### Work order
Would you print the records as they stand, down to the last character?

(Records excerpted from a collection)
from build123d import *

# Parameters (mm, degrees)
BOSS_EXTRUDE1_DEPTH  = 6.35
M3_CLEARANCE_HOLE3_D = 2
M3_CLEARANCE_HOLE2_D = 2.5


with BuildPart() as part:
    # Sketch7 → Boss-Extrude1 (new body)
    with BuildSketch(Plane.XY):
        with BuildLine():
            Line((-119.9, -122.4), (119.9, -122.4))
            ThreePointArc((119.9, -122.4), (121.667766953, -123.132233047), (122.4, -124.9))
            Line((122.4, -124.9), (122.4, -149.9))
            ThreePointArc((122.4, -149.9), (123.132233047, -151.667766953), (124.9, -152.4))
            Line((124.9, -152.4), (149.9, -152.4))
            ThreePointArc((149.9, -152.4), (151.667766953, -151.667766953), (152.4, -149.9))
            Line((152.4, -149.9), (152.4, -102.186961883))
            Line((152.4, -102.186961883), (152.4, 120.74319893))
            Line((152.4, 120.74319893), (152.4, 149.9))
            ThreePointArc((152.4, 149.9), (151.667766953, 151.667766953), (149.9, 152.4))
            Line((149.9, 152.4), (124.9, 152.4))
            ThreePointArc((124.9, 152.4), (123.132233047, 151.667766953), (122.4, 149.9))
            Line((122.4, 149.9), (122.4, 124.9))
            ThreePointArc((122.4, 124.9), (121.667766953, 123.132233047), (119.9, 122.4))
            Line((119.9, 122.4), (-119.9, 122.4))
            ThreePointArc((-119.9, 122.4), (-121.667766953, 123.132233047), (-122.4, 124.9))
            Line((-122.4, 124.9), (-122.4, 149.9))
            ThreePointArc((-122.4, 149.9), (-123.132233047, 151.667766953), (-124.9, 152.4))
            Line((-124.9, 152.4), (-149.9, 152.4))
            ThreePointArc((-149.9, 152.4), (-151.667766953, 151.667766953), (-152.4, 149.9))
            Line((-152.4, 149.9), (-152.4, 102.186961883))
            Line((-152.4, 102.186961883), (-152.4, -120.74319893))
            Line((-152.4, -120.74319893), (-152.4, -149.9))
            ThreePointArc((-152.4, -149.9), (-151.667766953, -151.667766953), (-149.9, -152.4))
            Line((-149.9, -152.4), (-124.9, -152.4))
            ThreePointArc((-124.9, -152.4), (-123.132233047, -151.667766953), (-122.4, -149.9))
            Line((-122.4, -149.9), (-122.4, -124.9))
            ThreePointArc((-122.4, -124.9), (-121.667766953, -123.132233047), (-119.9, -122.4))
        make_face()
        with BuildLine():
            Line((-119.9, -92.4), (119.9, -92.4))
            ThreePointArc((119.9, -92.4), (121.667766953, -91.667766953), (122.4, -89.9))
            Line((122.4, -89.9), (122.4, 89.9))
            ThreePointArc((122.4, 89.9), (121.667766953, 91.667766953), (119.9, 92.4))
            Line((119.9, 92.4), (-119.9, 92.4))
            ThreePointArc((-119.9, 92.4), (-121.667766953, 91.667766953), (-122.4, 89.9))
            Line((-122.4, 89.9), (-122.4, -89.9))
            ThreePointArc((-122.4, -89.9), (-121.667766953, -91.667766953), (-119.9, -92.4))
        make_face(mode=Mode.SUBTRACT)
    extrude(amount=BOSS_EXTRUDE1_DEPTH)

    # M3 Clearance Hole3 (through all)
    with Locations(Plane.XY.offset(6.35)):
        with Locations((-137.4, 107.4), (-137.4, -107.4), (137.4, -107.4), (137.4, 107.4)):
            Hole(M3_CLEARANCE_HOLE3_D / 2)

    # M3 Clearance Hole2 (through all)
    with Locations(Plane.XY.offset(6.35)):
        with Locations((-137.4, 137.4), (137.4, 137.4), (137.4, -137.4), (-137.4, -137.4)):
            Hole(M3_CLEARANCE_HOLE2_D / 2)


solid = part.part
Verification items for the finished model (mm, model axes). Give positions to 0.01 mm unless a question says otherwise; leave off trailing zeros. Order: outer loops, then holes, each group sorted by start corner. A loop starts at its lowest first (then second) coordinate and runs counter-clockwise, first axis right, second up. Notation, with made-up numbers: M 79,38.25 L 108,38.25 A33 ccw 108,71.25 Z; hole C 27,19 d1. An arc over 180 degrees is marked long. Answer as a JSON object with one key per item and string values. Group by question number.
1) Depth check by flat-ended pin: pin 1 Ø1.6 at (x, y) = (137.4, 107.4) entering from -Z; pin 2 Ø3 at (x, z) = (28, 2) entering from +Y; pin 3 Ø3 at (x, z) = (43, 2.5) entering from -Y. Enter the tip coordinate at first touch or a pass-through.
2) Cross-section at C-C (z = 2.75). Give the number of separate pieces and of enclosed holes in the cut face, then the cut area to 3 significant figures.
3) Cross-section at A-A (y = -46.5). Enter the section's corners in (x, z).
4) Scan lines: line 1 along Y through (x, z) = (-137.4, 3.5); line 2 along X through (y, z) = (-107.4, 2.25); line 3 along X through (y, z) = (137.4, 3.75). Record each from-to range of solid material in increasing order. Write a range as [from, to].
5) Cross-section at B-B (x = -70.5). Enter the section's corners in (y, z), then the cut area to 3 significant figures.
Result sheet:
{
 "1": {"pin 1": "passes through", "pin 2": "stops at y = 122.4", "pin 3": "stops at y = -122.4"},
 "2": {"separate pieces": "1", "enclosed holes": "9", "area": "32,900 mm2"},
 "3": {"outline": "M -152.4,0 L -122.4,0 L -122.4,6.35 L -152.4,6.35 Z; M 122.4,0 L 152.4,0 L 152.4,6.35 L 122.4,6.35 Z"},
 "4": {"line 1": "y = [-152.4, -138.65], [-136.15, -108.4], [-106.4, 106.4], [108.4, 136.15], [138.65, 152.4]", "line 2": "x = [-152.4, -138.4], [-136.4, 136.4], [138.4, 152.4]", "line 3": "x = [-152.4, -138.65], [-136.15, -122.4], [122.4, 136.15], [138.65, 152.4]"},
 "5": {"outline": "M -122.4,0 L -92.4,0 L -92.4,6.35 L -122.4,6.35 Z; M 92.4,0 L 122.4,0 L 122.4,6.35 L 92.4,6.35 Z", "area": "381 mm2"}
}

### Result of this task
from build123d import *

# Parameters (mm, degrees)
BOSS_EXTRUDE1_DEPTH  = 6.35
M3_CLEARANCE_HOLE3_D = 2
M3_CLEARANCE_HOLE2_D = 2.5


with BuildPart() as part:
    # Sketch7 → Boss-Extrude1 (new body)
    with BuildSketch(Plane.XY):
        with BuildLine():
            Line((-119.9, -122.4), (119.9, -122.4))
            ThreePointArc((119.9, -122.4), (121.667766953, -123.132233047), (122.4, -124.9))
            Line((122.4, -124.9), (122.4, -149.9))
            ThreePointArc((122.4, -149.9), (123.132233047, -151.667766953), (124.9, -152.4))
            Line((124.9, -152.4), (149.9, -152.4))
            ThreePointArc((149.9, -152.4), (151.667766953, -151.667766953), (152.4, -149.9))
            Line((152.4, -149.9), (152.4, -102.186961883))
            Line((152.4, -102.186961883), (152.4, 120.74319893))
            Line((152.4, 120.74319893), (152.4, 149.9))
            ThreePointArc((152.4, 149.9), (151.667766953, 151.667766953), (149.9, 152.4))
            Line((149.9, 152.4), (124.9, 152.4))
            ThreePointArc((124.9, 152.4), (123.132233047, 151.667766953), (122.4, 149.9))
            Line((122.4, 149.9), (122.4, 124.9))
            ThreePointArc((122.4, 124.9), (121.667766953, 123.132233047), (119.9, 122.4))
            Line((119.9, 122.4), (-119.9, 122.4))
            ThreePointArc((-119.9, 122.4), (-121.667766953, 123.132233047), (-122.4, 124.9))
            Line((-122.4, 124.9), (-122.4, 149.9))
            ThreePointArc((-122.4, 149.9), (-123.132233047, 151.667766953), (-124.9, 152.4))
            Line((-124.9, 152.4), (-149.9, 152.4))
            ThreePointArc((-149.9, 152.4), (-151.667766953, 151.667766953), (-152.4, 149.9))
            Line((-152.4, 149.9), (-152.4, 102.186961883))
            Line((-152.4, 102.186961883), (-152.4, -120.74319893))
            Line((-152.4, -120.74319893), (-152.4, -149.9))
            ThreePointArc((-152.4, -149.9), (-151.667766953, -151.667766953), (-149.9, -152.4))
            Line((-149.9, -152.4), (-124.9, -152.4))
            ThreePointArc((-124.9, -152.4), (-123.132233047, -151.667766953), (-122.4, -149.9))
            Line((-122.4, -149.9), (-122.4, -124.9))
            ThreePointArc((-122.4, -124.9), (-121.667766953, -123.132233047), (-119.9, -122.4))
        make_face()
        with BuildLine():
            Line((-119.9, -92.4), (119.9, -92.4))
            ThreePointArc((119.9, -92.4), (121.667766953, -91.667766953), (122.4, -89.9))
            Line((122.4, -89.9), (122.4, 89.9))
            ThreePointArc((122.4, 89.9), (121.667766953, 91.667766953), (119.9, 92.4))
            Line((119.9, 92.4), (-119.9, 92.4))
            ThreePointArc((-119.9, 92.4), (-121.667766953, 91.667766953), (-122.4, 89.9))
            Line((-122.4, 89.9), (-122.4, -89.9))
            ThreePointArc((-122.4, -89.9), (-121.667766953, -91.667766953), (-119.9, -92.4))
        make_face(mode=Mode.SUBTRACT)
    extrude(amount=BOSS_EXTRUDE1_DEPTH)

    # M3 Clearance Hole3 (through all)
    with Locations(Plane.XY.offset(6.35)):
        with Locations((-137.4, 107.4), (-137.4, -107.4), (137.4, -107.4), (137.4, 107.4)):
            Hole(M3_CLEARANCE_HOLE3_D / 2)

    # M3 Clearance Hole2 (through all)
    with Locations(Plane.XY.offset(6.35)):
        with Locations((-137.4, 137.4), (137.4, 137.4), (137.4, -137.4), (-137.4, -137.4)):
            Hole(M3_CLEARANCE_HOLE2_D / 2)


solid = part.part
Verification items for the finished model (mm, model axes). Give positions to 0.01 mm unless a question says otherwise; leave off trailing zeros. Order: outer loops, then holes, each group sorted by start corner. A loop starts at its lowest first (then second) coordinate and runs counter-clockwise, first axis right, second up. Notation, with made-up numbers: M 79,38.25 L 108,38.25 A33 ccw 108,71.25 Z; hole C 27,19 d1. An arc over 180 degrees is marked long. Answer as a JSON object with one key per item and string values. Group by question number.
1) Depth check by flat-ended pin: pin 1 Ø1.6 at (x, y) = (137.4, 107.4) entering from -Z; pin 2 Ø3 at (x, z) = (28, 2) entering from +Y; pin 3 Ø3 at (x, z) = (43, 2.5) entering from -Y. Enter the tip coordinate at first touch or a pass-through.
2) Cross-section at C-C (z = 2.75). Give the number of separate pieces and of enclosed holes in the cut face, then the cut area to 3 significant figures.
3) Cross-section at A-A (y = -46.5). Enter the section's corners in (x, z).
4) Scan lines: line 1 along Y through (x, z) = (-137.4, 3.5); line 2 along X through (y, z) = (-107.4, 2.25); line 3 along X through (y, z) = (137.4, 3.75). Record each from-to range of solid material in increasing order. Write a range as [from, to].
5) Cross-section at B-B (x = -70.5). Enter the section's corners in (y, z), then the cut area to 3 significant figures.
Result sheet:
{
 "1": {"pin 1": "passes through", "pin 2": "stops at y = 122.4", "pin 3": "stops at y = -122.4"},
 "2": {"separate pieces": "1", "enclosed holes": "9", "area": "32,900 mm2"},
 "3": {"outline": "M -152.4,0 L -122.4,0 L -122.4,6.35 L -152.4,6.35 Z; M 122.4,0 L 152.4,0 L 152.4,6.35 L 122.4,6.35 Z"},
 "4": {"line 1": "y = [-152.4, -138.65], [-136.15, -108.4], [-106.4, 106.4], [108.4, 136.15], [138.65, 152.4]", "line 2": "x = [-152.4, -138.4], [-136.4, 136.4], [138.4, 152.4]", "line 3": "x = [-152.4, -138.65], [-136.15, -122.4], [122.4, 136.15], [138.65, 152.4]"},
 "5": {"outline": "M -122.4,0 L -92.4,0 L -92.4,6.35 L -122.4,6.35 Z; M 92.4,0 L 122.4,0 L 122.4,6.35 L 92.4,6.35 Z", "area": "381 mm2"}
}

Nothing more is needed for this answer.